▶ Data section:

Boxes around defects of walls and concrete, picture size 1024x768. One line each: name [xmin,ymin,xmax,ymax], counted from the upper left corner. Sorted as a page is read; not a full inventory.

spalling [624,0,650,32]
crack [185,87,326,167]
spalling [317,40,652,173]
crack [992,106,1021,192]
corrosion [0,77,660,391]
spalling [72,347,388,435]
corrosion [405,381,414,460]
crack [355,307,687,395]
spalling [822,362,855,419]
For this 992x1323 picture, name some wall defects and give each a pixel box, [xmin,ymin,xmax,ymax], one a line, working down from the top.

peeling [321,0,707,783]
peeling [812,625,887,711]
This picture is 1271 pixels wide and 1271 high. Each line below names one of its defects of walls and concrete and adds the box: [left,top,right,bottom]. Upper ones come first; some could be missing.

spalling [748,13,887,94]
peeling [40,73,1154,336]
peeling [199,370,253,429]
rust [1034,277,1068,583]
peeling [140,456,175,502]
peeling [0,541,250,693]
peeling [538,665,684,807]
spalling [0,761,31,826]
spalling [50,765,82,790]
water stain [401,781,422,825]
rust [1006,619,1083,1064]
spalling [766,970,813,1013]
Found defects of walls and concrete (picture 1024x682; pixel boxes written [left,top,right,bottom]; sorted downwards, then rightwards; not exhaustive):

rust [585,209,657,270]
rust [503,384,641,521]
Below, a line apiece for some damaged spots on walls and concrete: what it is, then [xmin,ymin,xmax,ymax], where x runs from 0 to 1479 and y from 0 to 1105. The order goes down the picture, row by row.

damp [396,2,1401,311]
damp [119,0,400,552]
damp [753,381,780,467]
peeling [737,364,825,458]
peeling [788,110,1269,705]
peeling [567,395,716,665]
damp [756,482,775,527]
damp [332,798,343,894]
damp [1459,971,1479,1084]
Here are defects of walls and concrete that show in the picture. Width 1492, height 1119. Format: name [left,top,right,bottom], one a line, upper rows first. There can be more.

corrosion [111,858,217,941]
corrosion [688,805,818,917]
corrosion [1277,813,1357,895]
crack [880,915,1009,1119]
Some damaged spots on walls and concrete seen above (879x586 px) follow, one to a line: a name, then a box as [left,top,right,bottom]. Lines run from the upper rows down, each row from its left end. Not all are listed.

▶ Activity: All the data is to be copied over exactly as it stands.

▶ Exercise response:
Boxes around defects of walls and concrete, picture size 1024x768. One line each: name [xmin,ymin,xmax,ymax], counted from the upper left corner. Sorted as a page is read; not a full inventory.

spalling [624,0,650,32]
crack [185,87,326,167]
spalling [317,40,652,173]
crack [992,106,1021,192]
corrosion [0,77,660,391]
spalling [72,347,388,435]
corrosion [405,381,414,460]
crack [355,307,687,395]
spalling [822,362,855,419]
For this 992x1323 picture, name some wall defects and give each a pixel box, [xmin,ymin,xmax,ymax], one a line, working down from the top.

peeling [321,0,707,783]
peeling [812,625,887,711]
This picture is 1271 pixels wide and 1271 high. Each line below names one of its defects of walls and concrete and adds the box: [left,top,right,bottom]. Upper ones come first; some could be missing.

spalling [748,13,887,94]
peeling [40,73,1154,336]
peeling [199,370,253,429]
rust [1034,277,1068,583]
peeling [140,456,175,502]
peeling [0,541,250,693]
peeling [538,665,684,807]
spalling [0,761,31,826]
spalling [50,765,82,790]
water stain [401,781,422,825]
rust [1006,619,1083,1064]
spalling [766,970,813,1013]
Found defects of walls and concrete (picture 1024x682; pixel boxes written [left,top,right,bottom]; sorted downwards, then rightwards; not exhaustive):

rust [585,209,657,270]
rust [503,384,641,521]
Below, a line apiece for some damaged spots on walls and concrete: what it is, then [xmin,ymin,xmax,ymax], where x runs from 0 to 1479 and y from 0 to 1105. The order goes down the picture, row by row.

damp [396,2,1401,311]
damp [119,0,400,552]
damp [753,381,780,467]
peeling [737,364,825,458]
peeling [788,110,1269,705]
peeling [567,395,716,665]
damp [756,482,775,527]
damp [332,798,343,894]
damp [1459,971,1479,1084]
Here are defects of walls and concrete that show in the picture. Width 1492, height 1119. Format: name [left,top,right,bottom], one a line, upper rows first. There can be more.

corrosion [111,858,217,941]
corrosion [688,805,818,917]
corrosion [1277,813,1357,895]
crack [880,915,1009,1119]
Some damaged spots on walls and concrete seen above (879x586 px) follow, one to a line: a name, then a box as [left,top,right,bottom]. Lines run from the upper rows down, each row from its left end. Not all are listed.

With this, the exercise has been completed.